I have imagined it as a good murder site for some time. I am forever thinking of plots and ideas for the many novels I intend to write one day, that are all on a slow-cook right now, back in my brain in some kind of Dutch oven. Today, as I stood over the railing looking into the water, I felt for sure this was the scene for the first murder of one of my mysteries. The fencing that I leaned over was made of stone and a wrought iron gating material, making it look rather a lot like a cemetery structure. The water drop below showed debris I don’t usually see, like a giant tree stump, a soccer ball, and bottles of booze or tea. For a while I was worried that there might really be a body in the water – there is a sign right where I stand, after all, that warns about the undertow, and how strong it is; that it can pull a body under and drown a victim, so careful, careful, it warns. Maybe there was an argument over the World Cup already, and someone tossed his drunken friend over the edge, along with his Nerf soccer ball.

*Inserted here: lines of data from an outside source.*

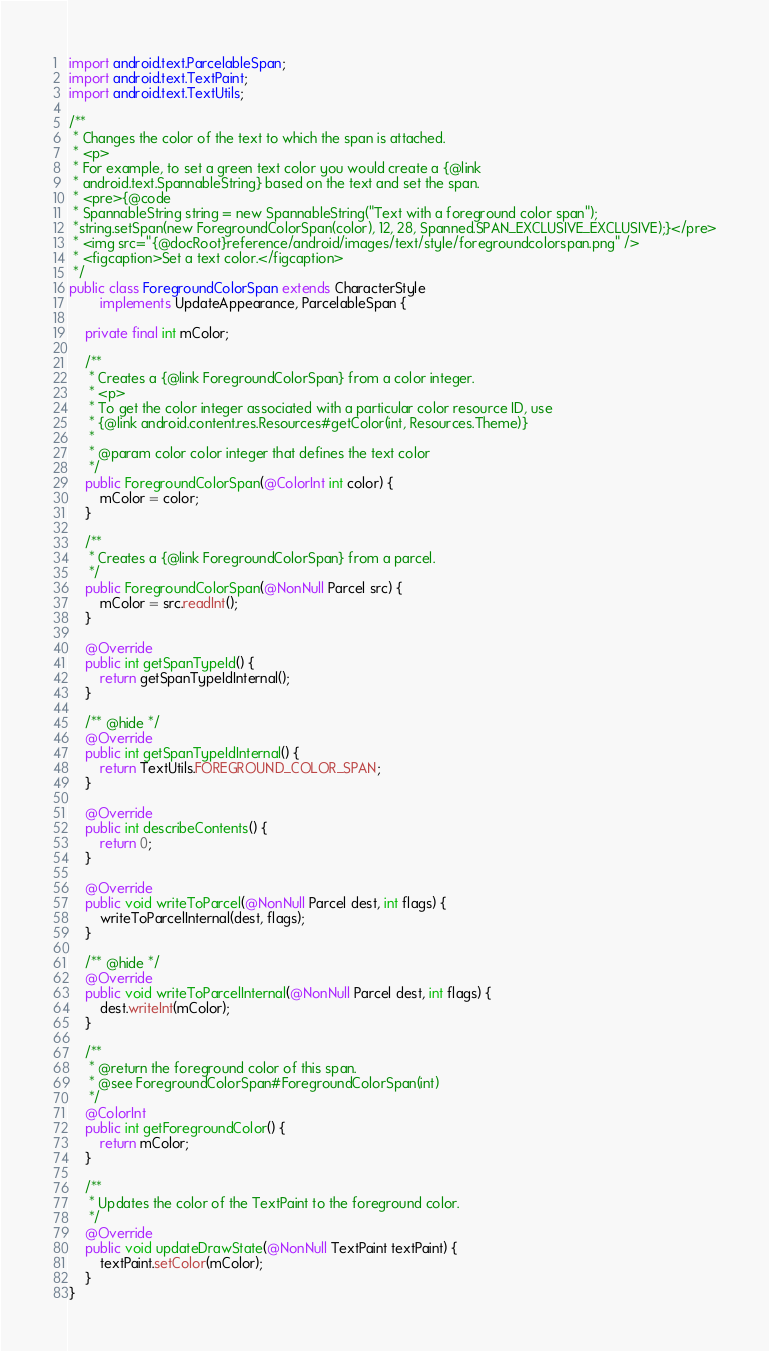<code> <loc_0><loc_0><loc_500><loc_500><_Java_>import android.text.ParcelableSpan;
import android.text.TextPaint;
import android.text.TextUtils;

/**
 * Changes the color of the text to which the span is attached.
 * <p>
 * For example, to set a green text color you would create a {@link
 * android.text.SpannableString} based on the text and set the span.
 * <pre>{@code
 * SpannableString string = new SpannableString("Text with a foreground color span");
 *string.setSpan(new ForegroundColorSpan(color), 12, 28, Spanned.SPAN_EXCLUSIVE_EXCLUSIVE);}</pre>
 * <img src="{@docRoot}reference/android/images/text/style/foregroundcolorspan.png" />
 * <figcaption>Set a text color.</figcaption>
 */
public class ForegroundColorSpan extends CharacterStyle
        implements UpdateAppearance, ParcelableSpan {

    private final int mColor;

    /**
     * Creates a {@link ForegroundColorSpan} from a color integer.
     * <p>
     * To get the color integer associated with a particular color resource ID, use
     * {@link android.content.res.Resources#getColor(int, Resources.Theme)}
     *
     * @param color color integer that defines the text color
     */
    public ForegroundColorSpan(@ColorInt int color) {
        mColor = color;
    }

    /**
     * Creates a {@link ForegroundColorSpan} from a parcel.
     */
    public ForegroundColorSpan(@NonNull Parcel src) {
        mColor = src.readInt();
    }

    @Override
    public int getSpanTypeId() {
        return getSpanTypeIdInternal();
    }

    /** @hide */
    @Override
    public int getSpanTypeIdInternal() {
        return TextUtils.FOREGROUND_COLOR_SPAN;
    }

    @Override
    public int describeContents() {
        return 0;
    }

    @Override
    public void writeToParcel(@NonNull Parcel dest, int flags) {
        writeToParcelInternal(dest, flags);
    }

    /** @hide */
    @Override
    public void writeToParcelInternal(@NonNull Parcel dest, int flags) {
        dest.writeInt(mColor);
    }

    /**
     * @return the foreground color of this span.
     * @see ForegroundColorSpan#ForegroundColorSpan(int)
     */
    @ColorInt
    public int getForegroundColor() {
        return mColor;
    }

    /**
     * Updates the color of the TextPaint to the foreground color.
     */
    @Override
    public void updateDrawState(@NonNull TextPaint textPaint) {
        textPaint.setColor(mColor);
    }
}
</code>

Still it was a beautiful day, so I resigned myself to enjoying the moment. Little cheeps were close at hand, and I looked around to find four little ducklings chirping away. All in a clump, they cheeped loud and long, ‘till mother duck found them finally, and helped guide them away from the dangerous edge of the falls. It was the cutest, sweetest site, as mother duck and her three ducklings were re-joined by the four stragglers. And off they swam. But I kept hearing more cheeping. Are these just extra loud ducklings, who are destined for a life on the stage with that kind of lung power? No, actually, there were two more ducklings that hadn’t yet braved the water fall. Seeing mom and the others sailing off without them, the final two ducklings race toward the fall in a panic, trying to catch up to the troupe.

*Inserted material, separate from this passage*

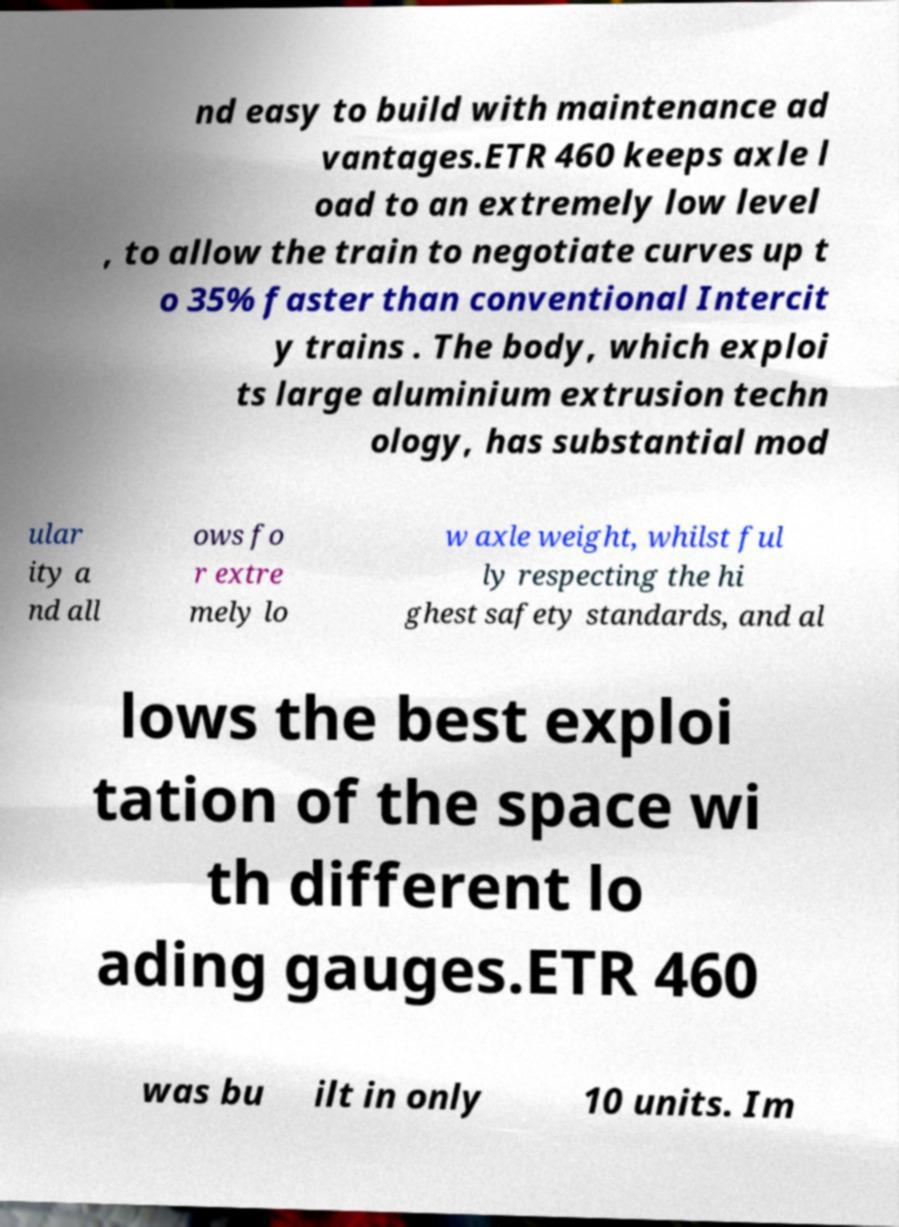Can you accurately transcribe the text from the provided image for me? nd easy to build with maintenance ad vantages.ETR 460 keeps axle l oad to an extremely low level , to allow the train to negotiate curves up t o 35% faster than conventional Intercit y trains . The body, which exploi ts large aluminium extrusion techn ology, has substantial mod ular ity a nd all ows fo r extre mely lo w axle weight, whilst ful ly respecting the hi ghest safety standards, and al lows the best exploi tation of the space wi th different lo ading gauges.ETR 460 was bu ilt in only 10 units. Im

Over the edge they flow, and then bobble up and down in the frothy, tumultuous water at the bottom of the falls. Both of the ducklings struggle in the fierce bubbling mass – the water is high today, and the current is strong. One of the ducklings manages to find the large tree stump, and struggles his way onto the wood, finding purchase at last on the floating device. But the undertow is strong, and the stump wobbles, tossing him once again into the violent water. He bobbles, and struggles, and rights himself again on the wood. The other duckling has already lost his battle with the angry river god. I watched these two ducklings struggle for their lives, swimming and tossing, going under and resurfacing. They spent so much energy on surviving, they couldn’t even cheep out for their mother to find them, so I called to her, trying to tell her where they were. But at last, they both were under, and didn’t come back up again.

I started crying. I looked in vain for their little fluffy heads. I waited, and worried, and cried some more. And finally, I plucked two white wild flowers from off the vine on the ground, and tossed them into the river, mourning the loss of the innocent little lives.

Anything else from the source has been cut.